O primeiro sinal de que a iniciativa da Anatel de derrubar as barreiras à entrada de novos operadores de TV a cabo no Brasil pode enfrentar problemas nos órgãos de controle externo já foi dado à própria agência. Em julho deste ano, a Controladoria-Geral da União (CGU) encaminhou uma série de perguntas ao órgão regulador sobre os elementos que motivaram a agência a suspender, cautelarmente, o planejamento com limites ao número de concessões de cabo no país. Em agosto o Tribunal de Contas da União (TCU) também expôs preocupações semelhantes às apresentadas pela CGU.
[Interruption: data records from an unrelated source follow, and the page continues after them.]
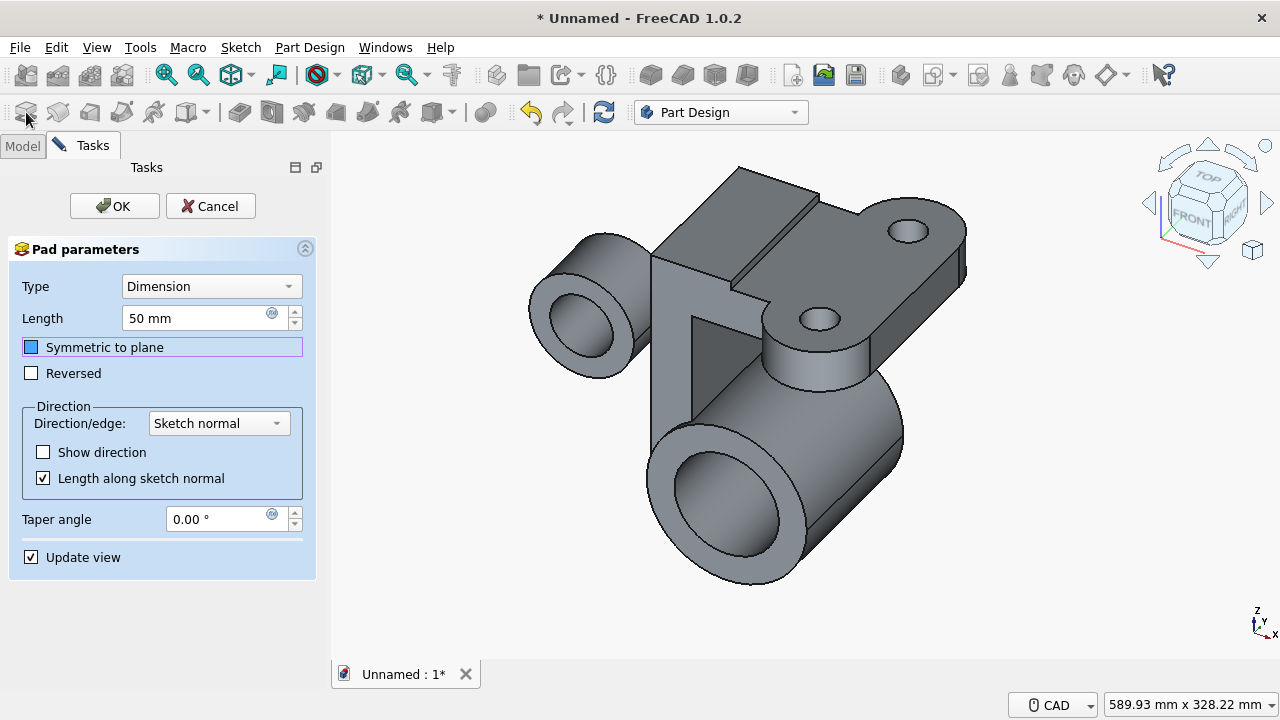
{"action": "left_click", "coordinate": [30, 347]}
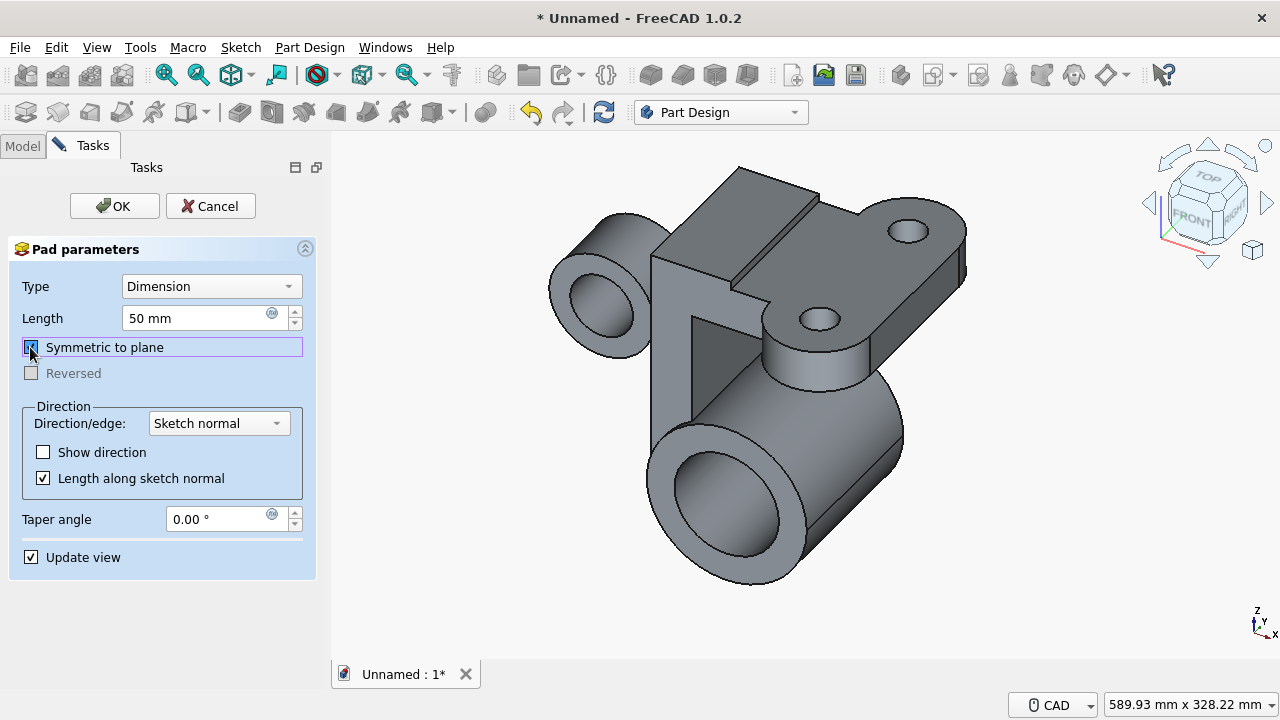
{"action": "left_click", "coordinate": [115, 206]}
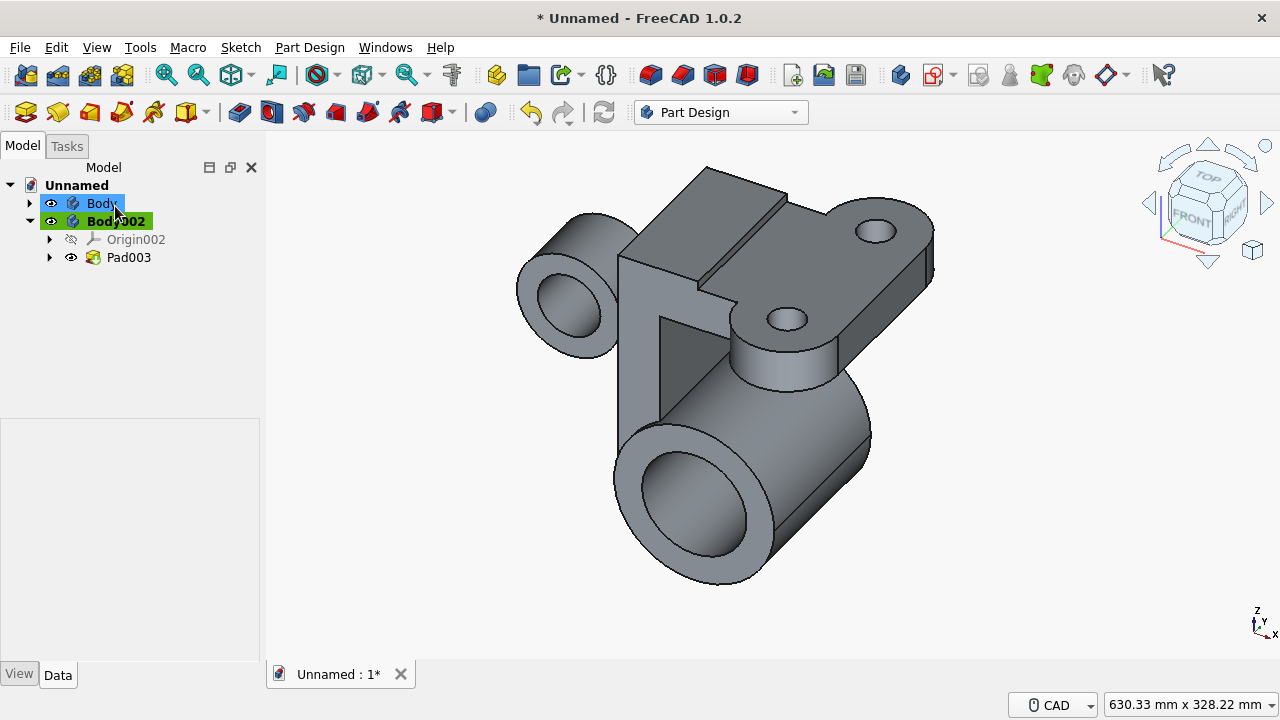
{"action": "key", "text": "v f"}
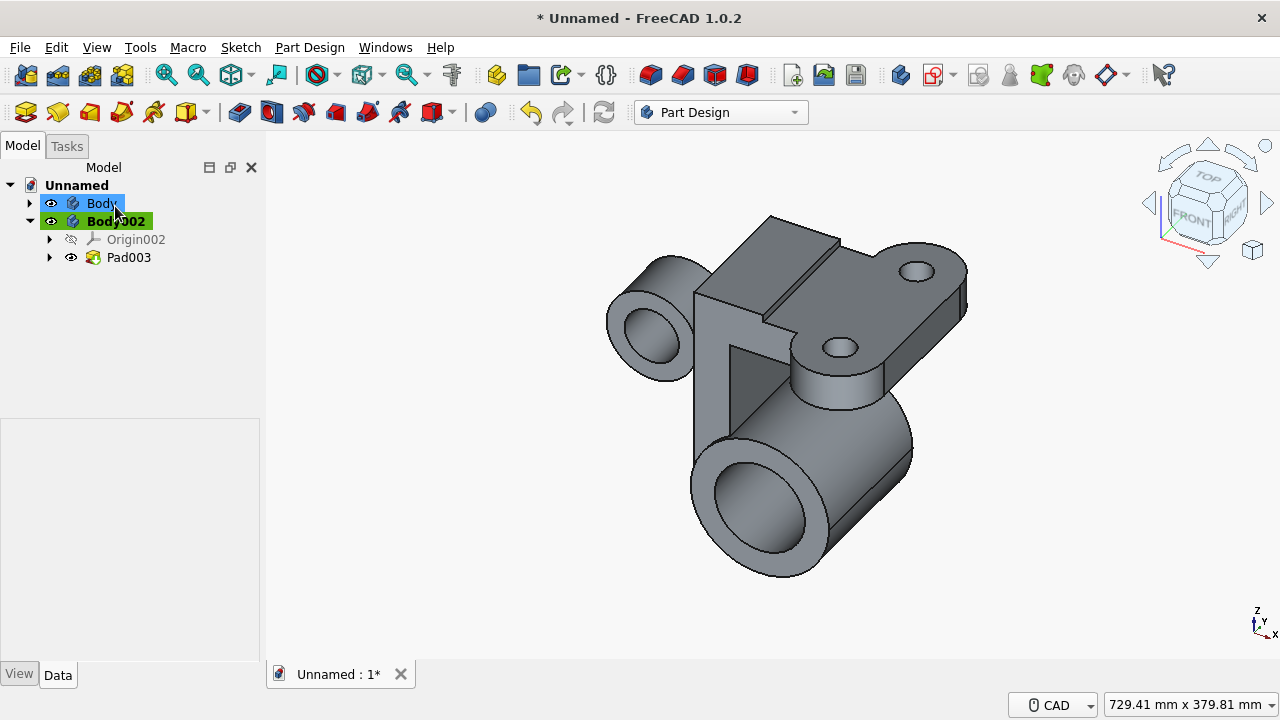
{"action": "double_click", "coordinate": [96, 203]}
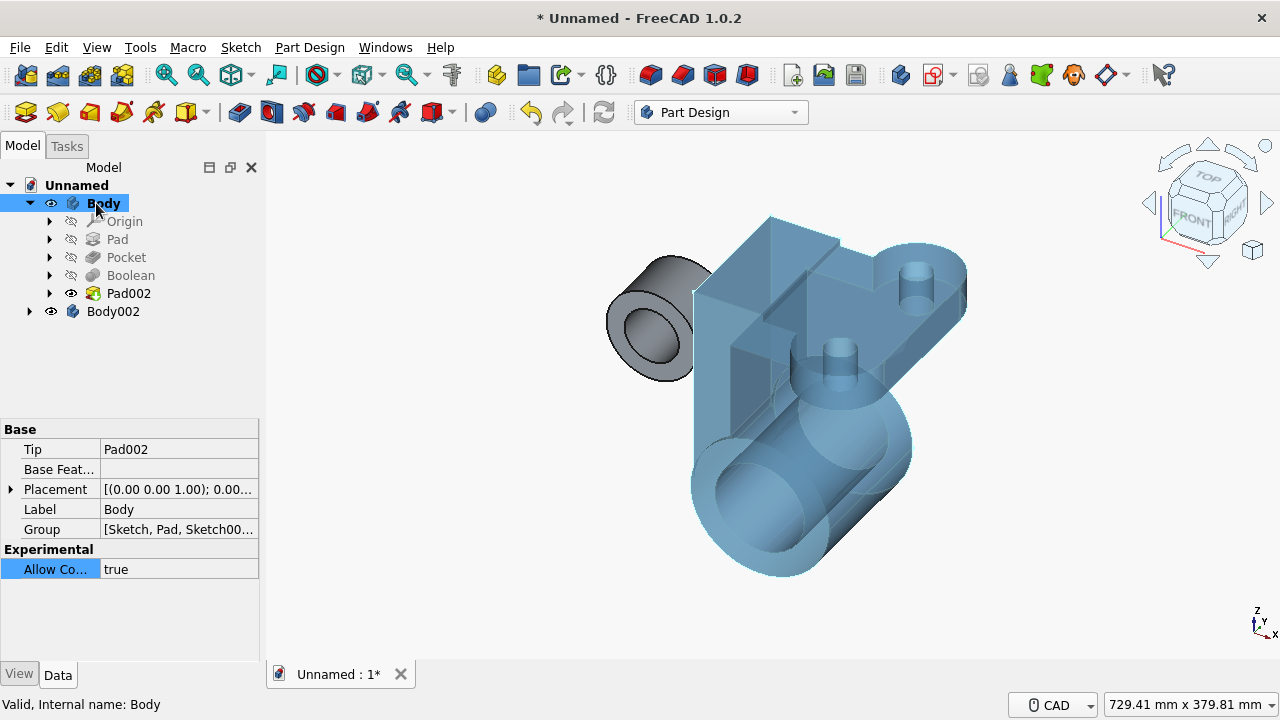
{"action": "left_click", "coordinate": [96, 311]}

Os dois documentos enviados à Anatel, e obtidos com exclusividade por este noticiário, revelam que os órgãos de controle não estão confortáveis com a decisão da agência reguladora e, principalmente, com as conseqüências dessa mudança regulatória. As perguntas da CGU foram apresentadas como parte do processo rotineiro de auditoria realizado pelo órgão e, por isso, sinalizam que o assunto será tratado no relatório anual de funcionamento da Anatel.
As perguntas da CGU foram agrupadas em três grupos: um focado nas motivações da agência ter editado a medida cautelar e no perfil dos operadores de TV a cabo no Brasil; outro apontando uma possível contradição entre a análise que culminou na medida cautelar e outra avaliação técnica produzida pela própria agência; e, por fim, os impactos da "dispensa de licitação" promovida na esteira da cautelar.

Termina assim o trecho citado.